Mais la réflexion ne doit pas s’arrêter sur les seules images du fanatisme visant ceux qui contreviennent aux dogmes de la religion ou de culture, car l’on a vu, hélas, revenir à la vie des pratiques, telle que la vengeance, que l’on croyait disparues et enterrées depuis les temps les plus éloignés. 

Dans un monde mondialisé, un monde devenu unipolaire, l’« extérieur » a commencé à nous étreindre d’une poignée de fer en nous adressant avertissements et mises en garde, en créant même des commissions, des officines et des institutions chargées de contrôler le degré d’engagement au service des valeurs de tolérance, telles que les manifestent les diverses sociétés et cultures (en réalité, ce qu’ils veulent, c’est nous contrôler, nous, et nous contraindre, nous et non les autres, à rendre des comptes).

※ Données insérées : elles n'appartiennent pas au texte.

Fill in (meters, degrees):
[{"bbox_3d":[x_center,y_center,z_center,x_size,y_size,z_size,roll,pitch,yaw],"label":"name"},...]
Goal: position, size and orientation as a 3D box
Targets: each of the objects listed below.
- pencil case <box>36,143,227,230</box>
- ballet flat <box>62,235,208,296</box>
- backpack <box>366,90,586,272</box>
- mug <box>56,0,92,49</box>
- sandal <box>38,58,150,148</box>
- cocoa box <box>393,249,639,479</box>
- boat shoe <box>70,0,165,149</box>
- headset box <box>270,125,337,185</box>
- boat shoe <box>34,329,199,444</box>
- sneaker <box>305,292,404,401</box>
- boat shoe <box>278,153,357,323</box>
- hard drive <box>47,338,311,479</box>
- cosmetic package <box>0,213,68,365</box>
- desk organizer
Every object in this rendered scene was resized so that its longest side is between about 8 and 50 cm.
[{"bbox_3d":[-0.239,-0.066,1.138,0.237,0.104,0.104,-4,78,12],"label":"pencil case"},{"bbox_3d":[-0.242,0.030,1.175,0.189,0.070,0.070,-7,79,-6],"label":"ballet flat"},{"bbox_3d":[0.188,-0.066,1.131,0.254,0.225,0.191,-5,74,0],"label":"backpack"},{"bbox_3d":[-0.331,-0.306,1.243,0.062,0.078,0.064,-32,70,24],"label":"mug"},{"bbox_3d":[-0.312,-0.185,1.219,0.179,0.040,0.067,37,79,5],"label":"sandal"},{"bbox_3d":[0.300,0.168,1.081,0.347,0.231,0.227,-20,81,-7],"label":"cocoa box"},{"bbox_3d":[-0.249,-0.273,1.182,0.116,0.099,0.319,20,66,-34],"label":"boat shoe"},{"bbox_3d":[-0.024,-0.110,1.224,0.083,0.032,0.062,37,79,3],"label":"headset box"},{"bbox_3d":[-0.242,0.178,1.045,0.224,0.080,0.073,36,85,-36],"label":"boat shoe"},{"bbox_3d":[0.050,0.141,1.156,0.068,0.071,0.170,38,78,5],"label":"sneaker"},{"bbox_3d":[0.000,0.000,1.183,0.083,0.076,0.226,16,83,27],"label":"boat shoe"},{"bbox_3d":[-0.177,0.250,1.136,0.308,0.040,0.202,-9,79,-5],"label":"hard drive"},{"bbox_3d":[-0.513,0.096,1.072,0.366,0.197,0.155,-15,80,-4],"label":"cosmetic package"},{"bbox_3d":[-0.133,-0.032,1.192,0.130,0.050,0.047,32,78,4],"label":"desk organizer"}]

La situation est devenue à présent déplorable, pour ne pas dire critique, et cela à plusieurs niveaux, car la tolérance recule, le fanatisme et la haine ne cessent d’étendre leurs ailes, tandis que faiblit la voix de la modération face à l’extrémisme rampant. 

Comme nous ne pouvons être isolés du reste du monde, nous avons aujourd’hui à faire face à des entités qui nous surveillent, nous demandent des comptes et peuvent à tout moment fondre sur nous. C’est à ce niveau que l’étude scientifique de la tolérance prend toute son importance, tant à l’échelle de la société qu’à celle du savoir. Cette étude a pour objet de mettre en lumière les valeurs de tolérance sociale au sein de la société arabe ainsi que les principaux facteurs qui déterminent les représentations individuelles et les prises de position sur le rapport aux autres et à soi-même.